CREATE OR REPLACE FUNCTION UN5871.MASTERDATA.FLATTEN_COMBINED_FUNC (
CHILDID VARCHAR,
PARENTID VARCHAR,
LEVEL VARCHAR DEFAULT '2'
)
RETURNS TABLE (
PARENT VARCHAR,
RESULT VARCHAR
)
LANGUAGE PYTHON
RUNTIME_VERSION = '3.10'
PACKAGES = ('pandas', 'numpy')
HANDLER = 'get_combined'
AS
$$
import pandas
class get_combined:
"""
Combined hierarchy flattening handler class.
Supports two modes:
- level='2': Returns only leaf nodes (like original FLATTEN_FUNC)
- level='all': Returns full hierarchy paths with uniform depth padding
"""
data = []
def process(self, childid: str, parentid: str, level: str = '2'):
"""Process each input row and store parent-child relationships."""
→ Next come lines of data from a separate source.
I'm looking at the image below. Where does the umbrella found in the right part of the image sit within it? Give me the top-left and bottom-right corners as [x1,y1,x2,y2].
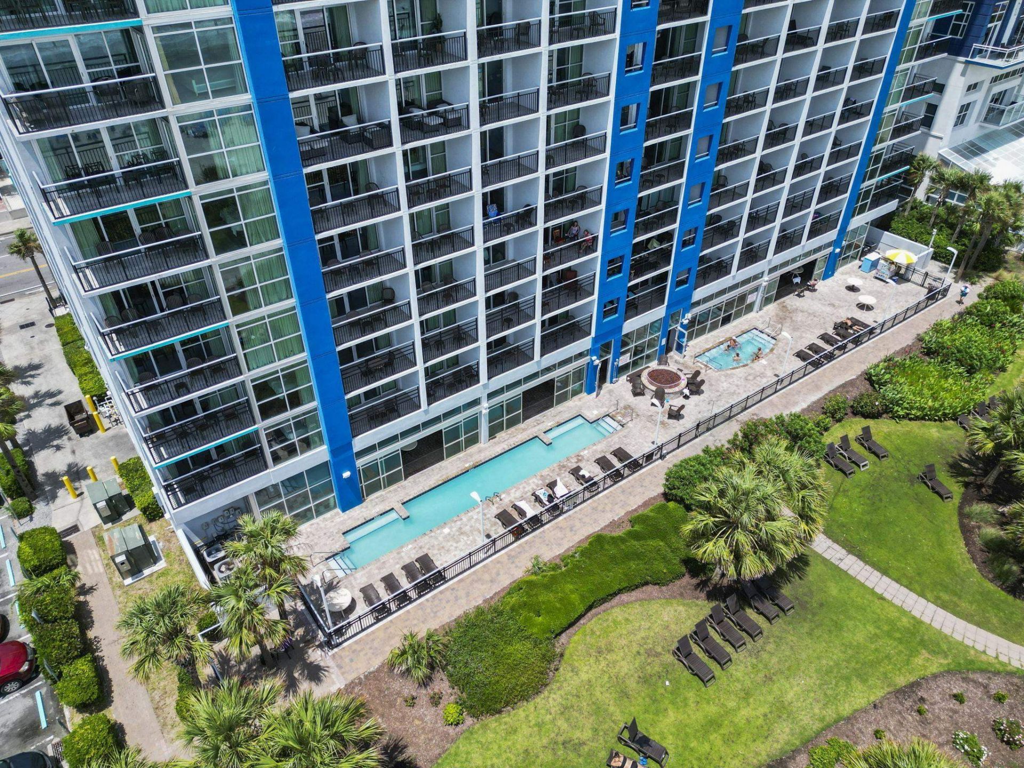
[885,248,919,266]
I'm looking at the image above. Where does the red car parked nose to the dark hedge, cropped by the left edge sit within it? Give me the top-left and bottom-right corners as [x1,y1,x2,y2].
[0,639,37,691]
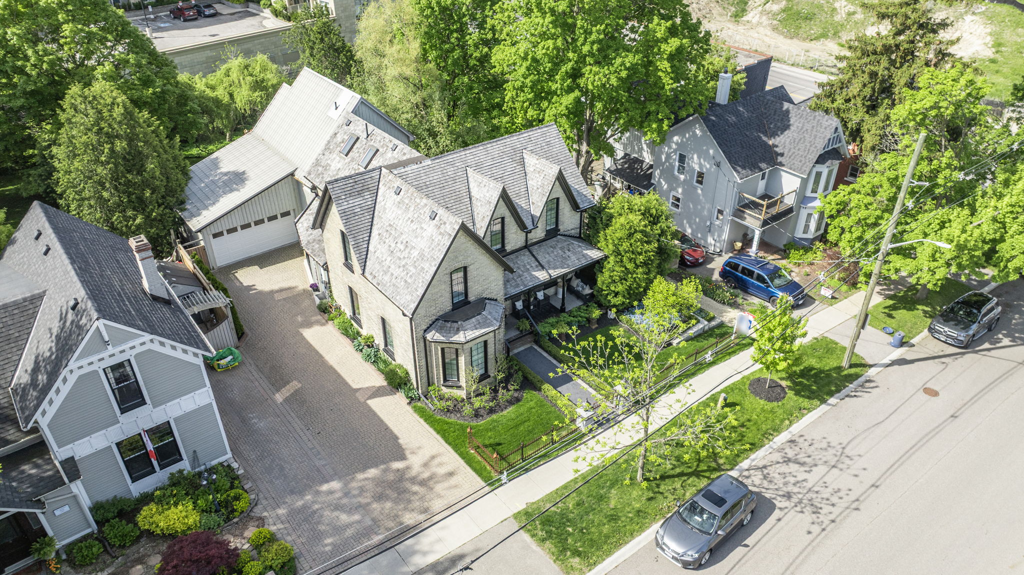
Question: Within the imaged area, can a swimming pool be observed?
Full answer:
No, there isn't any swimming pool down there.
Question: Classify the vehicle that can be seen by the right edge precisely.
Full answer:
I'd say the vehicle that can be seen by the right edge is a car.
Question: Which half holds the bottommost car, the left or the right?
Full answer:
You can find the bottommost car on the right side of the picture.
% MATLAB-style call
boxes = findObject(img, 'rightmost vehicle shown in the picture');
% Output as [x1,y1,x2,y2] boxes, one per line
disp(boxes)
[930,288,1006,348]
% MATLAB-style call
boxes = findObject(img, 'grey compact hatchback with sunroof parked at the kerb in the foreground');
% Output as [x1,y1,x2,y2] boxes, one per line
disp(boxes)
[652,473,760,567]
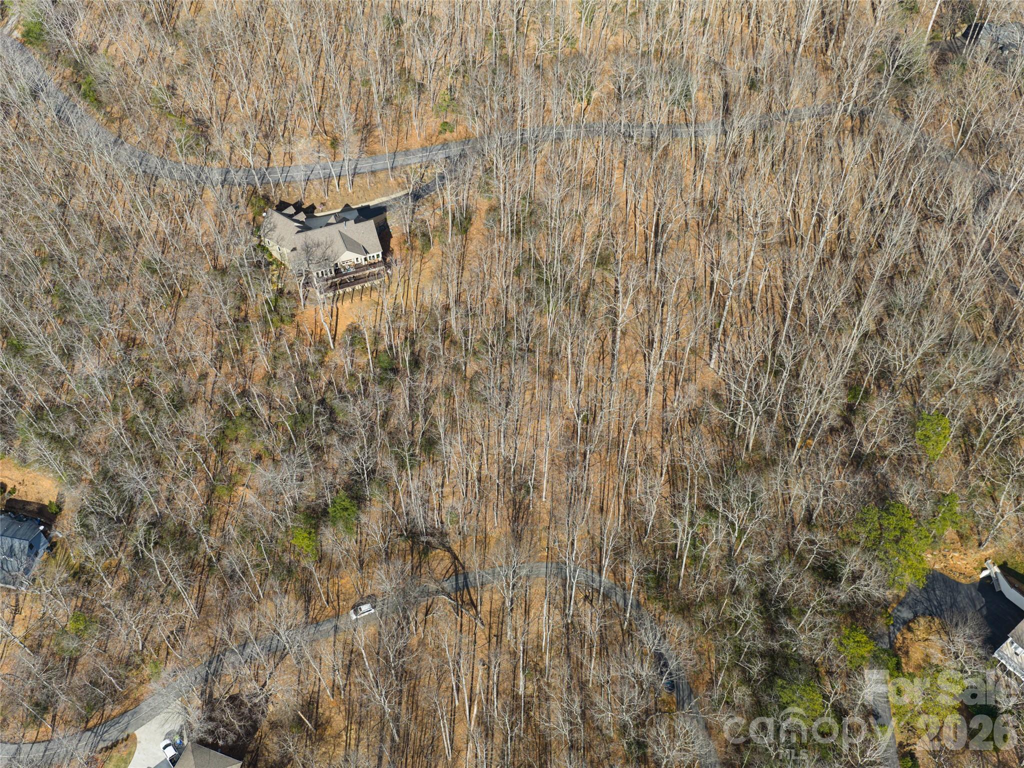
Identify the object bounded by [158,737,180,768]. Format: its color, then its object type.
white truck
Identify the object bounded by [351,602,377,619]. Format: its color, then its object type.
white car
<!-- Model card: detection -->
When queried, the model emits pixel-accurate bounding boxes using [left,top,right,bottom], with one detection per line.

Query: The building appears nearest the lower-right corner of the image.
[970,617,1024,707]
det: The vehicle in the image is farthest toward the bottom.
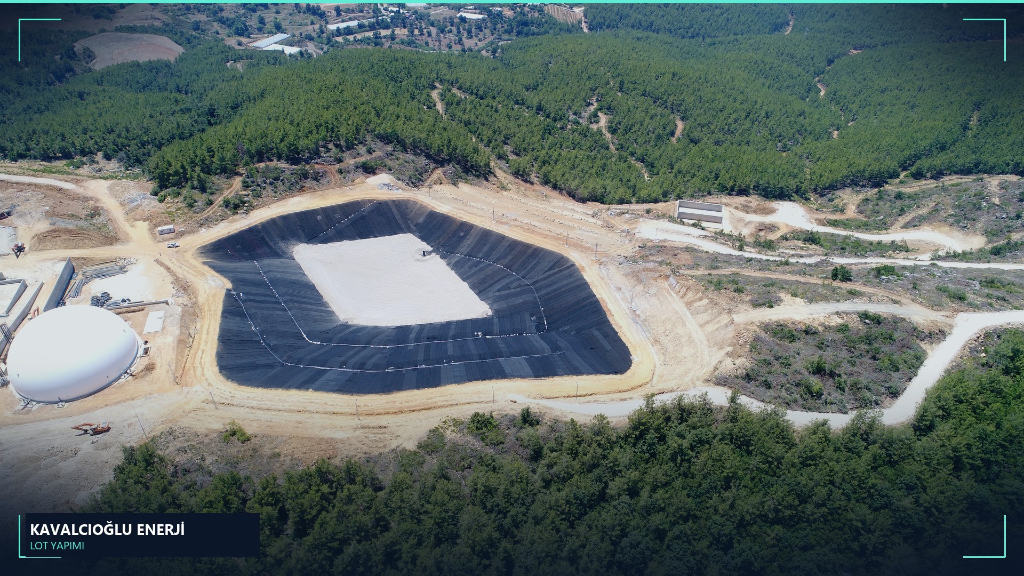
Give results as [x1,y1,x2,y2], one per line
[72,421,113,437]
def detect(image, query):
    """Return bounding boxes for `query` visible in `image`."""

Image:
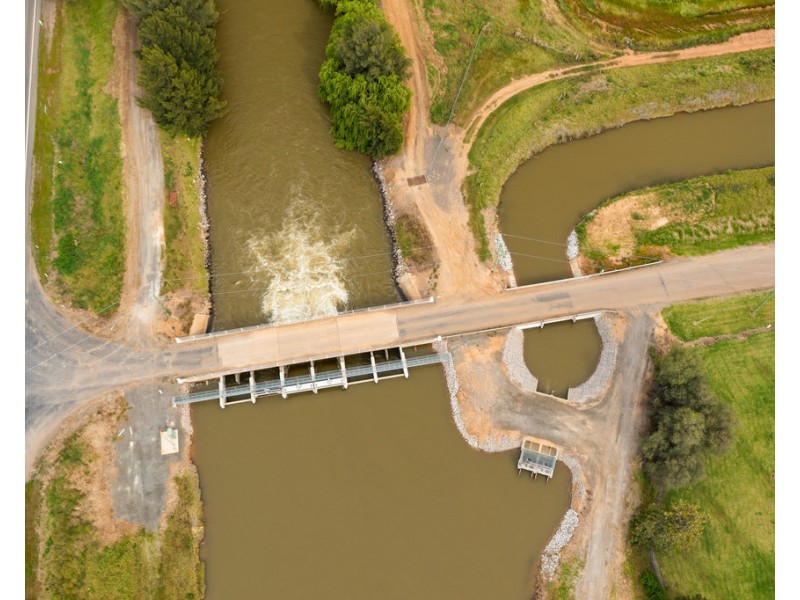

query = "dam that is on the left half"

[220,346,409,412]
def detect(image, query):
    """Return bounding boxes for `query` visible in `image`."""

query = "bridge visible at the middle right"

[505,254,662,335]
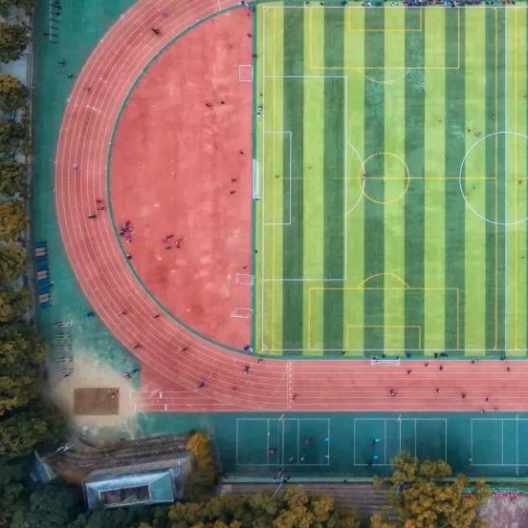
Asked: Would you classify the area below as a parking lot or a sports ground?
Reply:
sports ground
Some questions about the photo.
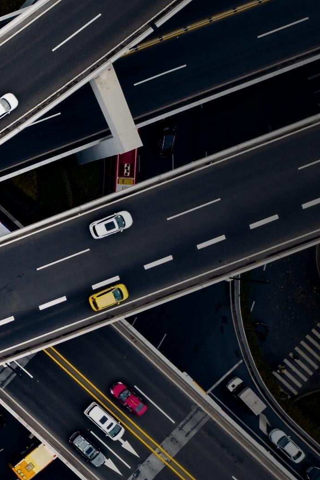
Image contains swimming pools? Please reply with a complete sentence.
No, this view has no swimming pool in it.
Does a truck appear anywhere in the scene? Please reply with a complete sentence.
Yes, the photo shows a truck.
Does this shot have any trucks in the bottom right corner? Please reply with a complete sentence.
Yes, a truck appears in the bottom right corner.
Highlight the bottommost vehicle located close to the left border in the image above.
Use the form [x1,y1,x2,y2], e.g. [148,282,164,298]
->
[7,438,57,480]
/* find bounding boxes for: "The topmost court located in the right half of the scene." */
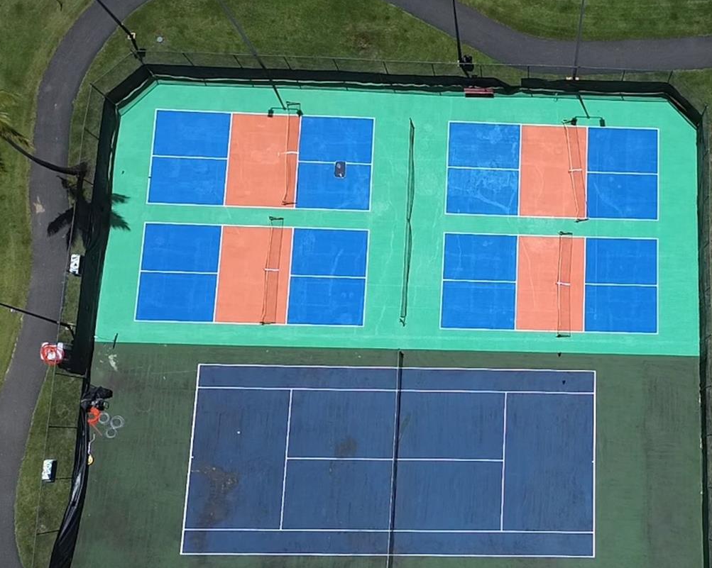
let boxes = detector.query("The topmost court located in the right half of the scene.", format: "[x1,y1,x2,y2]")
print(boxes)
[446,121,659,221]
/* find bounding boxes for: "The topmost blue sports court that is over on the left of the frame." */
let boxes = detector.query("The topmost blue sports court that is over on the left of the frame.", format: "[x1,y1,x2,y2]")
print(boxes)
[148,109,375,211]
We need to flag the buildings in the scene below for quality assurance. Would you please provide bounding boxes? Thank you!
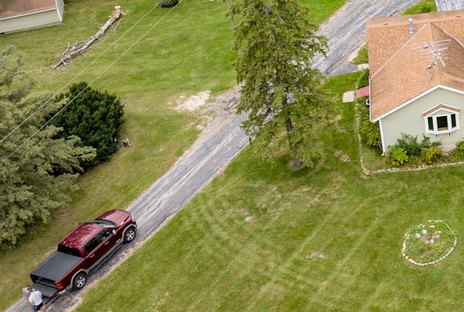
[0,0,64,32]
[365,10,464,157]
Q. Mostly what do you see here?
grass
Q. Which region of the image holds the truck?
bottom left
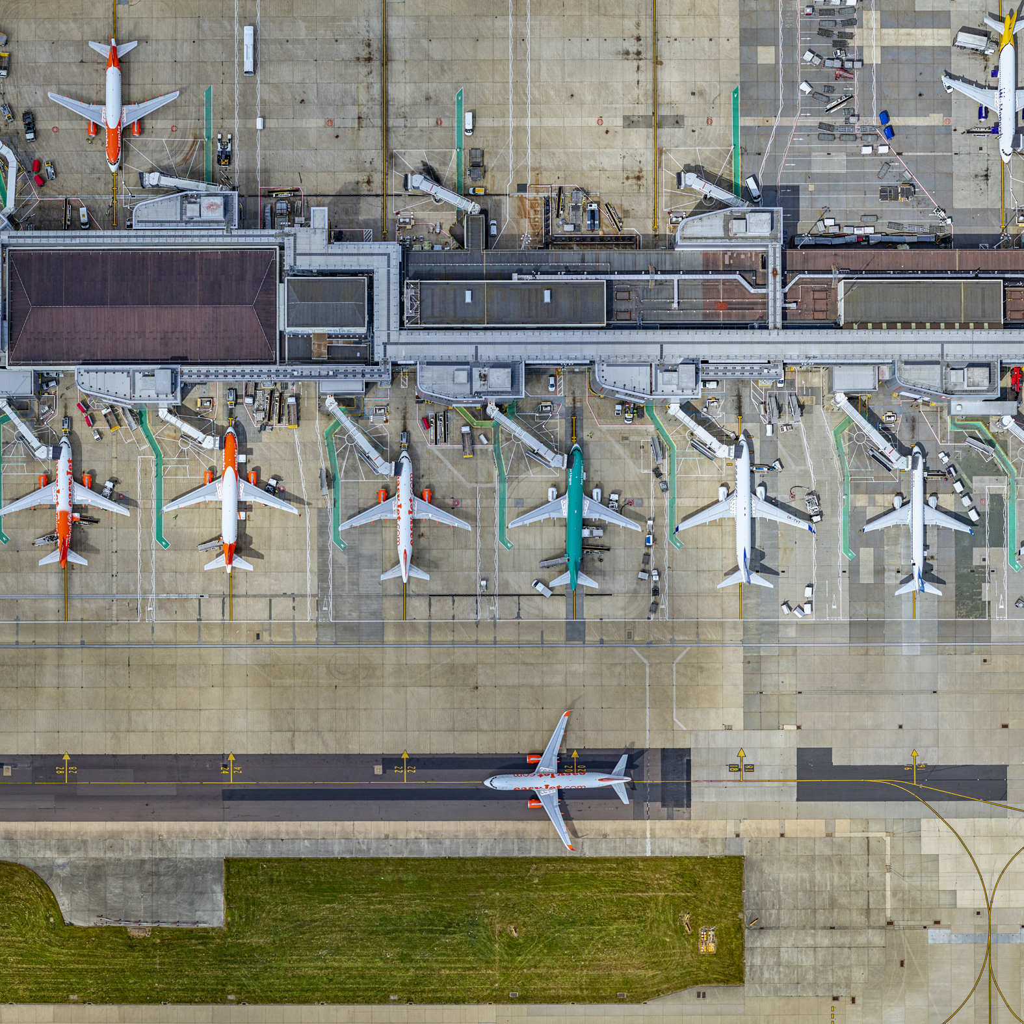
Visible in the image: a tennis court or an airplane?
airplane
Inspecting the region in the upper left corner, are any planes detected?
Yes
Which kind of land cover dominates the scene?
paved ground
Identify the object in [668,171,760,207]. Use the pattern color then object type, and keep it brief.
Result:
white jet bridge
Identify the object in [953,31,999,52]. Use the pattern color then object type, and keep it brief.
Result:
white truck
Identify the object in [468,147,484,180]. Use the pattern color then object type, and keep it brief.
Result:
gray work vehicle
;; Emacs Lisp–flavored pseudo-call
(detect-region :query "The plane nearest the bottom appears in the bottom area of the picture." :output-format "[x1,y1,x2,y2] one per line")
[484,714,632,856]
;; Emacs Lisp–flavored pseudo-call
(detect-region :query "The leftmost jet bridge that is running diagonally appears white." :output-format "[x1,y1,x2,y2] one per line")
[0,396,63,462]
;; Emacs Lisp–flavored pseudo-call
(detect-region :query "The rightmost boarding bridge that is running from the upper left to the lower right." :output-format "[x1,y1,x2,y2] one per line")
[997,414,1024,442]
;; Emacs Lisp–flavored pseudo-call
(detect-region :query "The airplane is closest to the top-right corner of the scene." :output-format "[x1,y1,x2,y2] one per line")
[941,12,1024,163]
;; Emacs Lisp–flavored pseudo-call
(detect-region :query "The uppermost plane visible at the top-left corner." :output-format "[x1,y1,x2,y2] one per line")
[45,35,180,172]
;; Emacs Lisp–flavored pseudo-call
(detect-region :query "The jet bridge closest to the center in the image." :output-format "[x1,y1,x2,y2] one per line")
[484,401,579,470]
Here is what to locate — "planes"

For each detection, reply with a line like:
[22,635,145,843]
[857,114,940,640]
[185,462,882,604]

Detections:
[337,451,472,583]
[941,12,1024,163]
[45,35,180,172]
[163,426,298,574]
[509,444,644,591]
[484,714,632,856]
[863,470,976,596]
[674,433,811,588]
[0,436,131,569]
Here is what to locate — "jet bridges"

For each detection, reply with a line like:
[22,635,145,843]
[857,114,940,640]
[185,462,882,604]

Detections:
[0,396,63,462]
[155,405,230,452]
[0,140,19,222]
[997,414,1024,442]
[666,402,746,460]
[831,392,925,471]
[668,171,760,207]
[397,173,481,214]
[132,170,232,192]
[323,394,408,477]
[484,401,579,470]
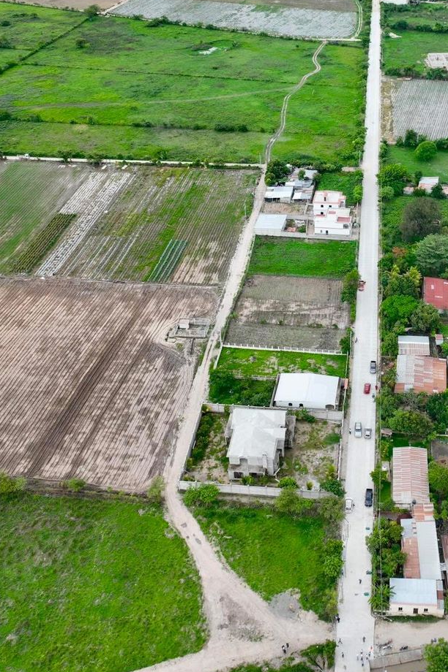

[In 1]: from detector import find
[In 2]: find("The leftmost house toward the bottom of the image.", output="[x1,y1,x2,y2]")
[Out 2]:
[225,411,305,481]
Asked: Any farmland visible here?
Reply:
Yes
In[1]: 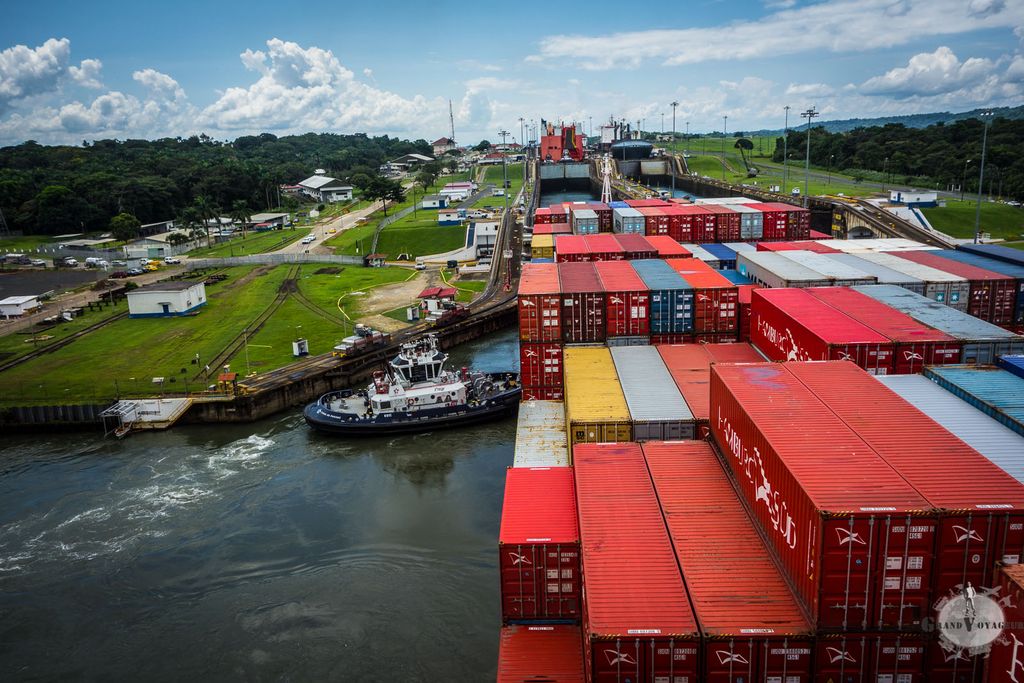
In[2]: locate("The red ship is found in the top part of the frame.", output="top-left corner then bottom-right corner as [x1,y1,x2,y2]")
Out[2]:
[540,117,589,161]
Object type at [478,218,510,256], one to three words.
building
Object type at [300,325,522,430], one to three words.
boat
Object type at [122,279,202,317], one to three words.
building
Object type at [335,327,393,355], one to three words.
rail car
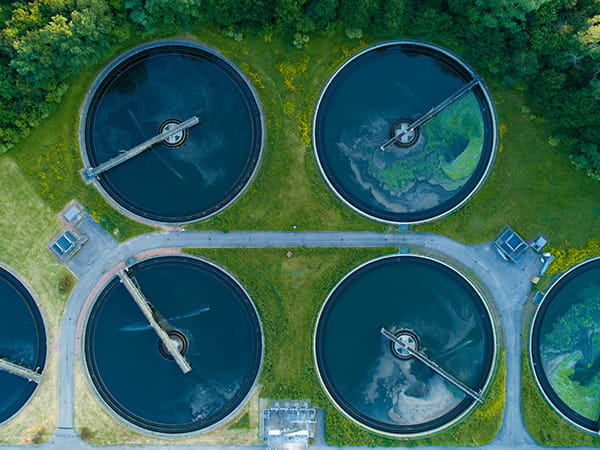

self.data.append([parentid, childid, level])
def end_partition(self):
"""
Process the complete partition and return results based on level parameter.
"""
# Get level parameter from first row (should be consistent across partition)
level = self.data[0][2] if self.data else '2'
# Build tree structure: parent -> [list of children]
tree = {}
for parent, child, _ in self.data:
tree.setdefault(parent, []).append(child)
# ==========================================
# LEVEL = '2': Return only leaf nodes
# ==========================================
if level == '2':
def acct_tree_desc(parent):
"""Recursively find all leaf descendants of a parent node."""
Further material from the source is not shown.